Closed lyttonhao closed 9 years ago
hi @lyttonhao I'll take a look later today...
Thanks. @sckott
@lyttonhao I used your fix in your fork for parsing more than 1, and fixed so that works with > 1 name passed in.
Can you share the example that was failing for you?
Okay. I will test the new code soon. Thanks, @sckott.
Hi @sckott, I think there is still a problem as I faced before. When I test 300 names it works well, but it failed when querying 500 or more names. It seems that the parameters should not be too long.
See the documentation for the API http://resolver.globalnames.org/api they allow GET
and POST
requests. They don't say i think in those docs, but I found https://github.com/ropensci/taxize/blob/master/R/gnr_resolve.R#L23-L25 that 300 does work okay with GET
, but after that POST
is better
should be a simple thing to add in POST
if you are interested
Hi @sckott, I've added some code to work with POST according to https://github.com/ropensci/taxize/blob/master/R/gnr_resolve.R#L86-L97. Below is my corresponding codes:
elif http == 'post':
with open('__gnr_names.txt', 'wb') as f:
for name in names:
f.write("1|%s\n"%name)
payload = {'data_source_ids': source, 'format': format,
'resolve_once': resolve_once, 'with_context': with_context,
'best_match_only': best_match_only, 'header_only': header_only,
'preferred_data_sources': preferred_data_sources}
out = requests.post(url, params = payload, files = {'file': open('__gnr_names.txt', 'rb')} )
out.raise_for_status()
result_json = out.json()
newurl = result_json['url']
while result_json['status'] == 'working':
# print result_json['message']
out = requests.get(url=newurl)
result_json = out.json()
However, it seems that when _while resultjson['status'] == 'working':, it would be an infinite loop. Can you give some advices? Thank your very much.
@lyttonhao I'll have a look soon, trying to get testing and CI set up first, so we can have checks on all change/PR's, etc.
@lyttonhao That while
loop is used because when you use a POST
request you get back a URL for a job that is processing, for which you need to send a new GET
request to retrieve the data. So the while
loop checks pinging the server until it retrieves the data itself, not just a message saying that it is still working. Does that make sense? Send a PR when you think you got is solved, or even if you don't, then I can take a look and see if I can help.

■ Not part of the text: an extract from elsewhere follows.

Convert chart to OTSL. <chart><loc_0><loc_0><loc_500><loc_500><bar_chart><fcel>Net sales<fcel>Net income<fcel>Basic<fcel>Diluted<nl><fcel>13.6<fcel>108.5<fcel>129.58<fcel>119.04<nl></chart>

Hi @sckott, I'm very sorry that I've missed your message these days. Do you mean that change the while
constraint? I've change it to while not 'data' in result_json:
, but it seems that it still doesn't work.
Hi, @panks, I try to add "time.sleep(10)" as in your code. I'm afraid it's still in an infinite loop in my computer. Does it work well in your computer when the number of queried name is larger than 1000?
@lyttonhao I'm not sure. I think when GNR API starts operating in a queue it's not working as it's supposed to be. Here is a URL response from a job which I submitted more than 6 hours back, for query size = 1,010 http://resolver.globalnames.org/name_resolvers/5jyg8wkhbvoa.json
It still shows status as 'working'. Maybe they need to fix things on their end. But at least, we got it working for query size > 300 but < 1000, by adding POST.
@sckott Any ideas?
@panks I'm also doubt that maybe end-back codes have some bugs. Since I don't use R before, I haven't test taxize
. @sckott Does it work well on taxize
?
@lyttonhao @panks I'll take a look at this
If there isn't any hope of it working, then one thing we can do is split lists of size > 1000 into smaller chunks and concatenate their results.
@panks @lyttonhao I just played with this now in R, and it seems that when number of names > 1000 the job seems to never finish. I am asking about this now - we should probably not pass more than 1000 names, so jus break up into chunks of < 1000 and pass those.
see GlobalNamesArchitecture/gni#37
Yeah I guess splitting the list is the best way to go as of now. I will do that and send a PR. Thanks!
Since the return line in gnr.py only return the first result, current gnr_resolve don't support to return results of multiple names. I change this line to return all results. It works well when the query containing about 100 names, but gets error of " No JSON object could be decoded" when the number is larger. I haven't fixed it. Anyone can help?